● Exercise prompt:
In the listing that follows, the lines starting at the one containing "#2 car (1414, 844, 1642, 999)" and ending at the one containing "#9 car (2150, 914, 2161, 1257)" are to be returned exactly, both boundary lines included, and no others.

Segment Open

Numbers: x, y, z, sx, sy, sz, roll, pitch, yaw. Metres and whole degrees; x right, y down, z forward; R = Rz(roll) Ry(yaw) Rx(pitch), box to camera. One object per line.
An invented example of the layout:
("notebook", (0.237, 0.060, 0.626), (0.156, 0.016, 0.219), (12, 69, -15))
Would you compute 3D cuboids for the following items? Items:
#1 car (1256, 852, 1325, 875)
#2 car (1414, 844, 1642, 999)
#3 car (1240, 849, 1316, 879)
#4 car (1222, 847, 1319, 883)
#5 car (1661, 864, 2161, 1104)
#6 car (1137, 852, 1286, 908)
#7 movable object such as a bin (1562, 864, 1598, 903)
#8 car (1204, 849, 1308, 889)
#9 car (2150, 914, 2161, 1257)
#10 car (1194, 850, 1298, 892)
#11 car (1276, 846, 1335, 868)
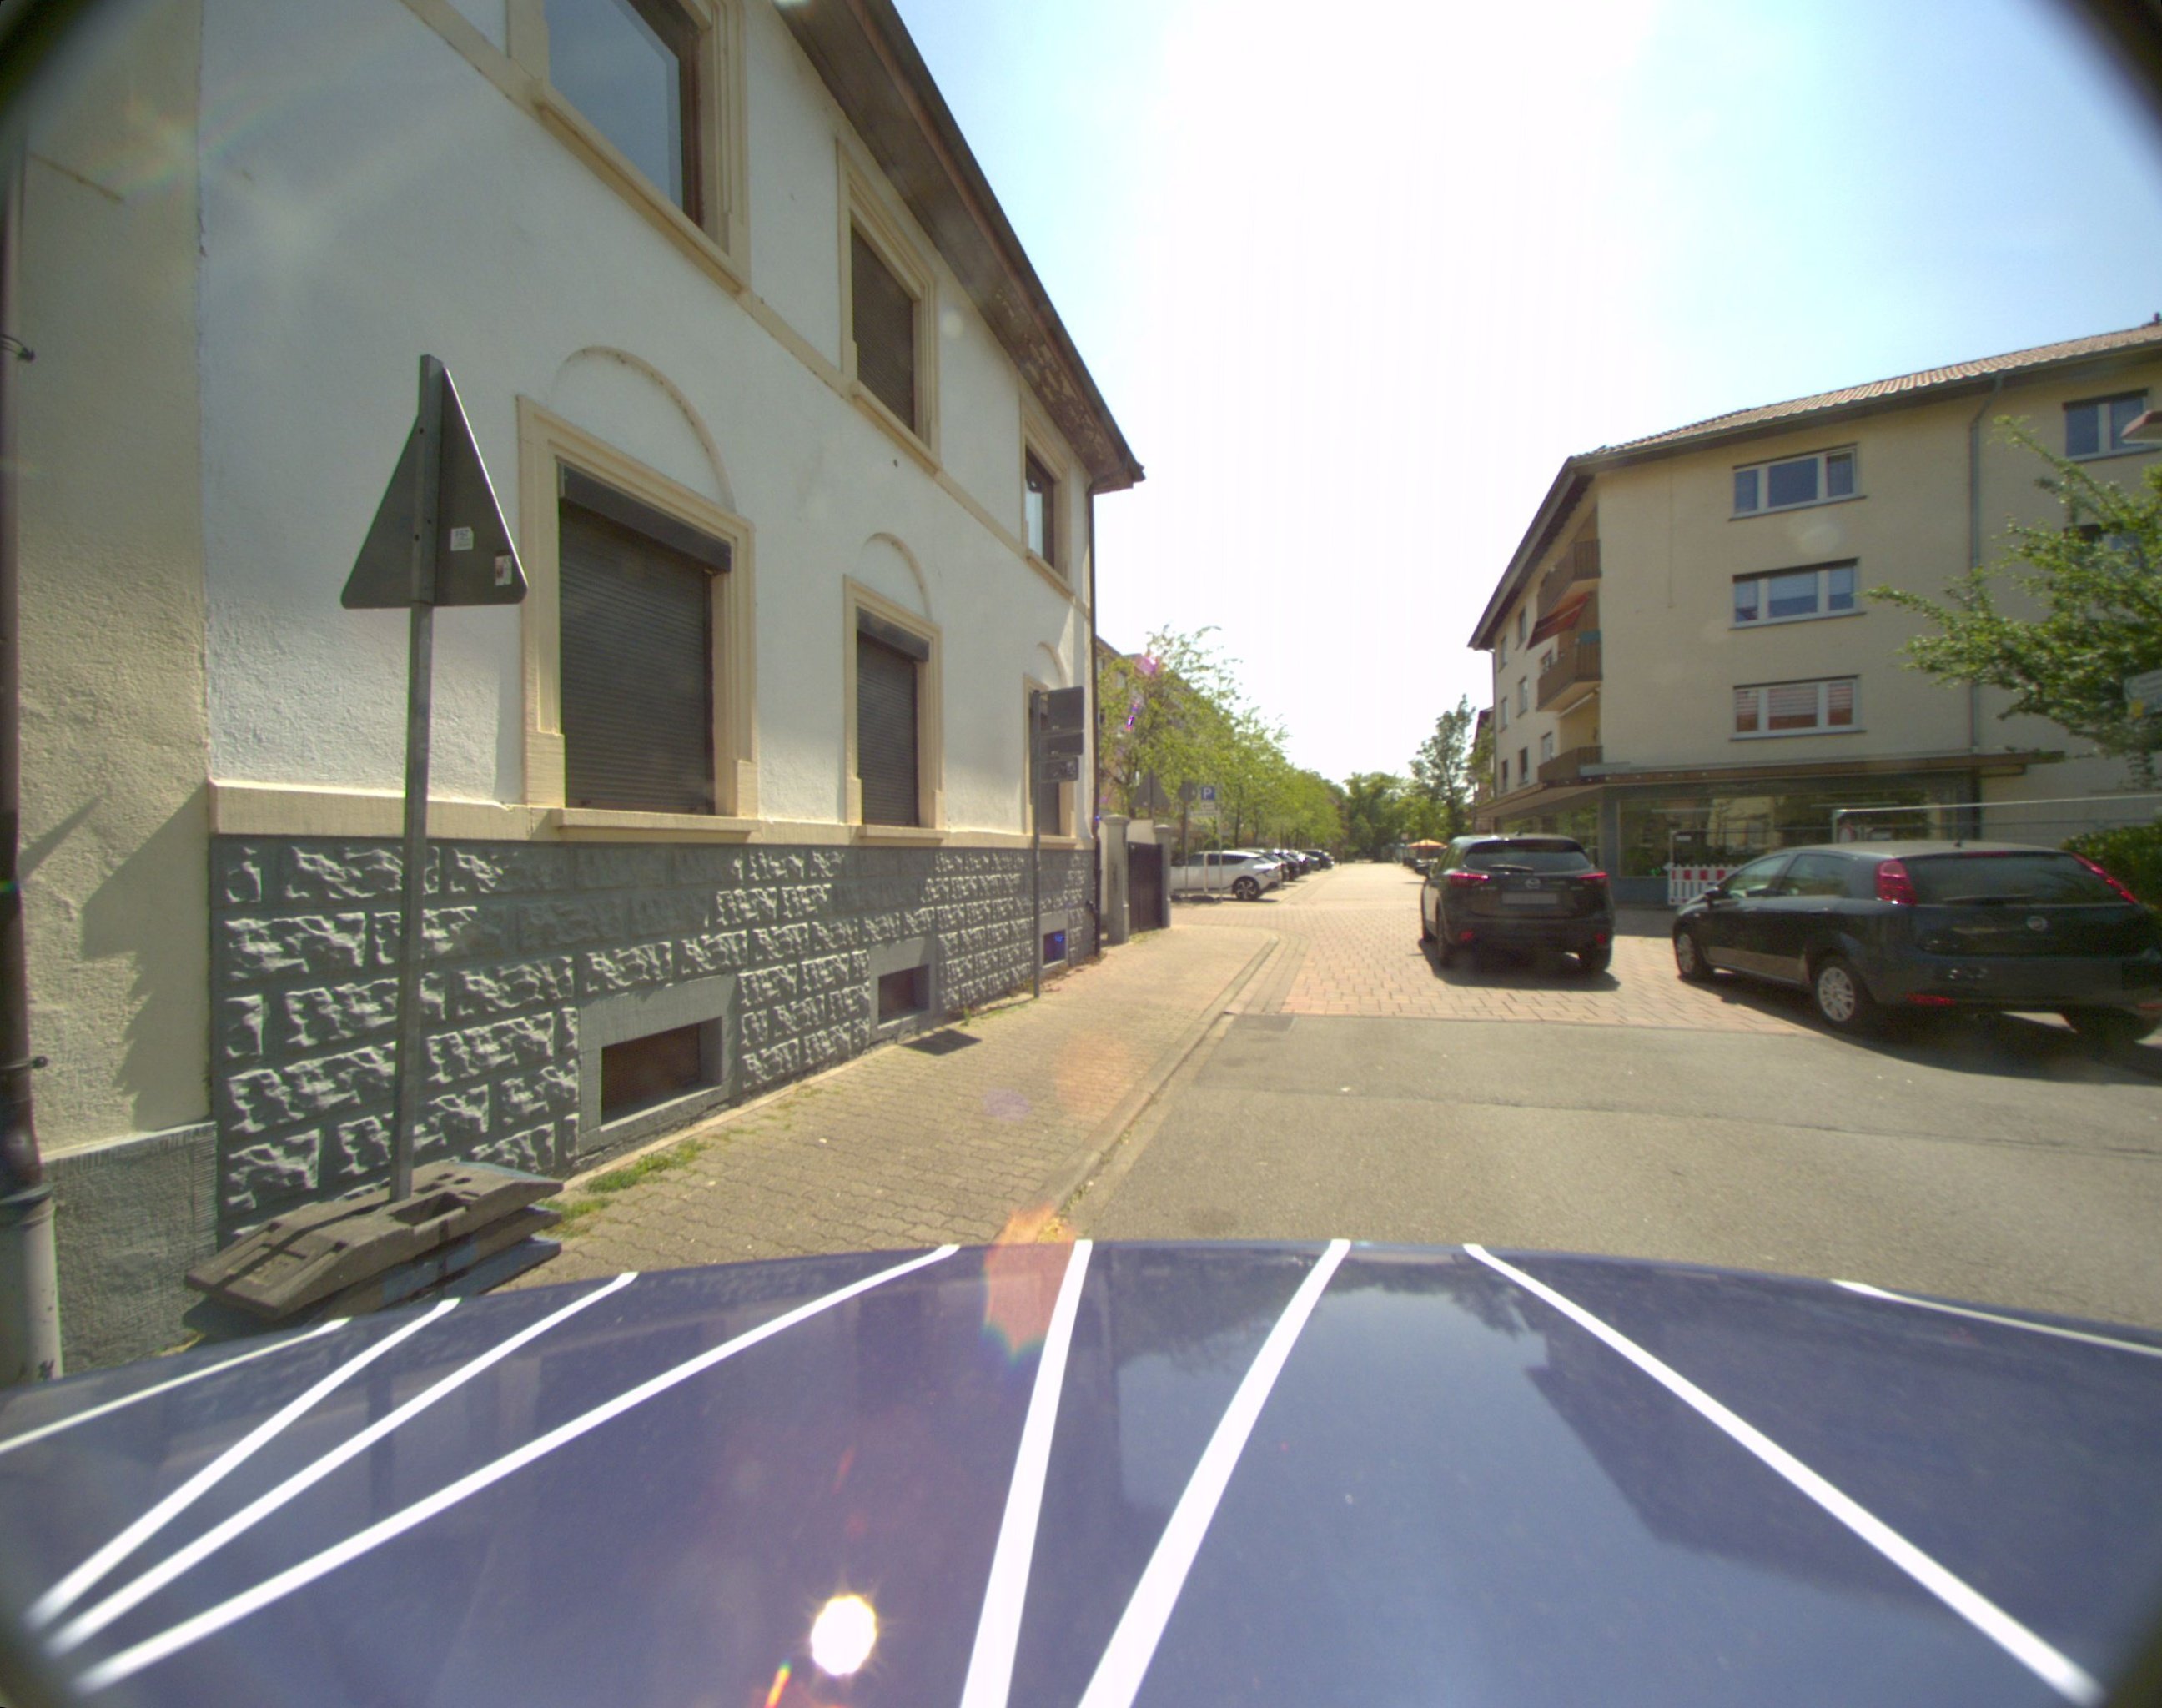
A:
("car", (14.768, 0.645, 53.839), (4.383, 1.455, 1.891), (1, 0, 2))
("car", (5.780, 0.738, 10.402), (1.883, 1.658, 4.159), (0, 0, 19))
("car", (11.264, 0.546, 43.449), (4.030, 1.603, 1.683), (2, 1, 20))
("car", (9.723, 0.521, 38.949), (4.511, 1.579, 1.853), (3, 1, 24))
("car", (7.026, 0.848, 6.764), (1.704, 1.488, 3.862), (0, 0, 17))
("car", (4.207, 0.774, 24.478), (4.444, 1.567, 1.792), (2, 0, 21))
("movable object such as a bin", (13.936, 0.829, 21.225), (0.656, 1.064, 0.664), (-1, 0, 14))
("car", (7.860, 0.643, 34.061), (4.283, 1.671, 2.003), (1, 0, 19))
("car", (5.161, 1.064, 1.380), (1.817, 1.595, 4.031), (0, 0, 21))
("car", (6.831, 0.678, 31.476), (3.947, 1.525, 1.827), (2, 1, 20))
("car", (17.555, 0.240, 59.316), (4.247, 1.608, 1.759), (2, 0, 20))

Segment Closed

● Solved exercise:
#2 car (1414, 844, 1642, 999)
#3 car (1240, 849, 1316, 879)
#4 car (1222, 847, 1319, 883)
#5 car (1661, 864, 2161, 1104)
#6 car (1137, 852, 1286, 908)
#7 movable object such as a bin (1562, 864, 1598, 903)
#8 car (1204, 849, 1308, 889)
#9 car (2150, 914, 2161, 1257)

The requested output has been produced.